5.3 Application and future plan

Hospitals can be envisioned to establish ECG databases for MI patients and healthy people according to their specific needs and then calculate the corresponding features according to the methods proposed in this paper. To analyze the ECG data of the patients for clinical purposes, they can be input into the constructed model to obtain predictive results.

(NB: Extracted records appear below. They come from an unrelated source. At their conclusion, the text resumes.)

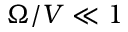<formula> <loc_0><loc_0><loc_500><loc_500>\Omega / V \ll 1</formula> 
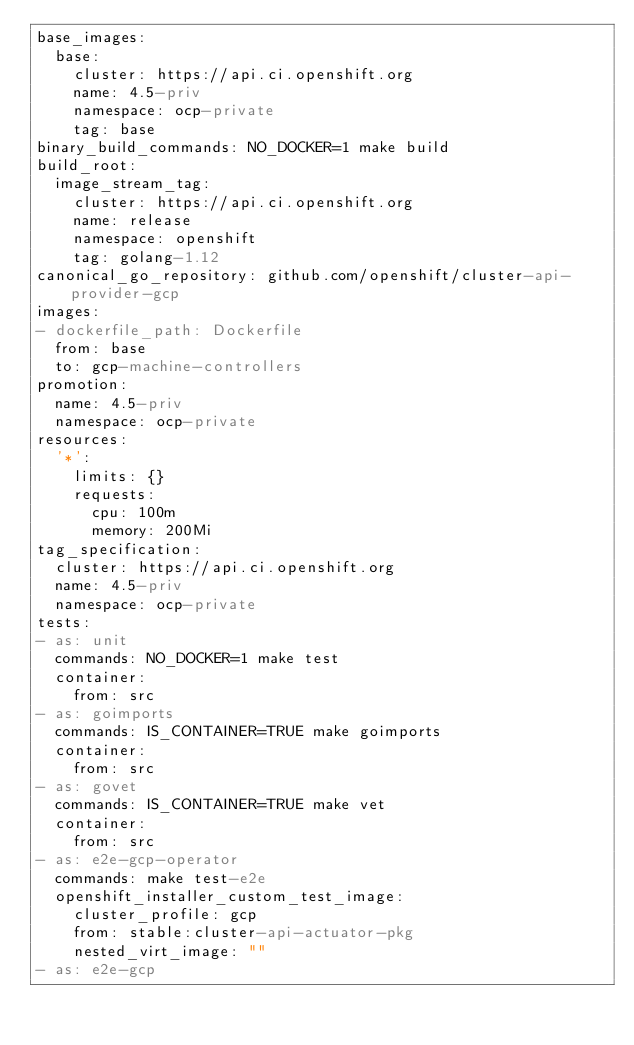<code> <loc_0><loc_0><loc_500><loc_500><_YAML_>base_images:
  base:
    cluster: https://api.ci.openshift.org
    name: 4.5-priv
    namespace: ocp-private
    tag: base
binary_build_commands: NO_DOCKER=1 make build
build_root:
  image_stream_tag:
    cluster: https://api.ci.openshift.org
    name: release
    namespace: openshift
    tag: golang-1.12
canonical_go_repository: github.com/openshift/cluster-api-provider-gcp
images:
- dockerfile_path: Dockerfile
  from: base
  to: gcp-machine-controllers
promotion:
  name: 4.5-priv
  namespace: ocp-private
resources:
  '*':
    limits: {}
    requests:
      cpu: 100m
      memory: 200Mi
tag_specification:
  cluster: https://api.ci.openshift.org
  name: 4.5-priv
  namespace: ocp-private
tests:
- as: unit
  commands: NO_DOCKER=1 make test
  container:
    from: src
- as: goimports
  commands: IS_CONTAINER=TRUE make goimports
  container:
    from: src
- as: govet
  commands: IS_CONTAINER=TRUE make vet
  container:
    from: src
- as: e2e-gcp-operator
  commands: make test-e2e
  openshift_installer_custom_test_image:
    cluster_profile: gcp
    from: stable:cluster-api-actuator-pkg
    nested_virt_image: ""
- as: e2e-gcp</code> 
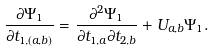<formula> <loc_0><loc_0><loc_500><loc_500>\frac { \partial \Psi _ { 1 } } { \partial t _ { 1 , ( a , b ) } } & = \frac { \partial ^ { 2 } \Psi _ { 1 } } { \partial t _ { 1 , a } \partial t _ { 2 , b } } + U _ { a , b } \Psi _ { 1 } .</formula>

Many aspects of this study can be extended. We will further analyze the specific clinical implications of the extracted features, which need to be discussed with clinicians and pathologists. We will also consider the application of this method to ECG data collected in local hospitals and further study the method’s practical value.

6 Conclusion

In this work, we computed five kinds of feature to analyze healthy and MI ECG segments. These features covered the energy, time series similarity and information domains, while taking robustness into account. For feature selection, we performed Student’s t test and used specific thresholds to find the optimal feature set. The kNN classifier was applied for classification. To alleviate over-fitting and improve the generalizability of the model, tenfold CV and LOPOCV were used for model validation. We have achieved impressive classification performance compared with similar studies, with 99.57% accuracy, 99.82% sensitivity and 98.79% specificity. Using LOPOCV, the accuracy, sensitivity and specificity of this study were, respectively, 87.96%, 93.24% and 72.01%. Due to the simplicity of feature calculation, our method promises to improve the speed of diagnosis and provide cost-effective medical services for patients and hospitals.

The proposed method is robust, accurate and cost-effective and can be applied to real-time monitoring, diagnosis and treatment of MI to reduce time, cost and medical resources.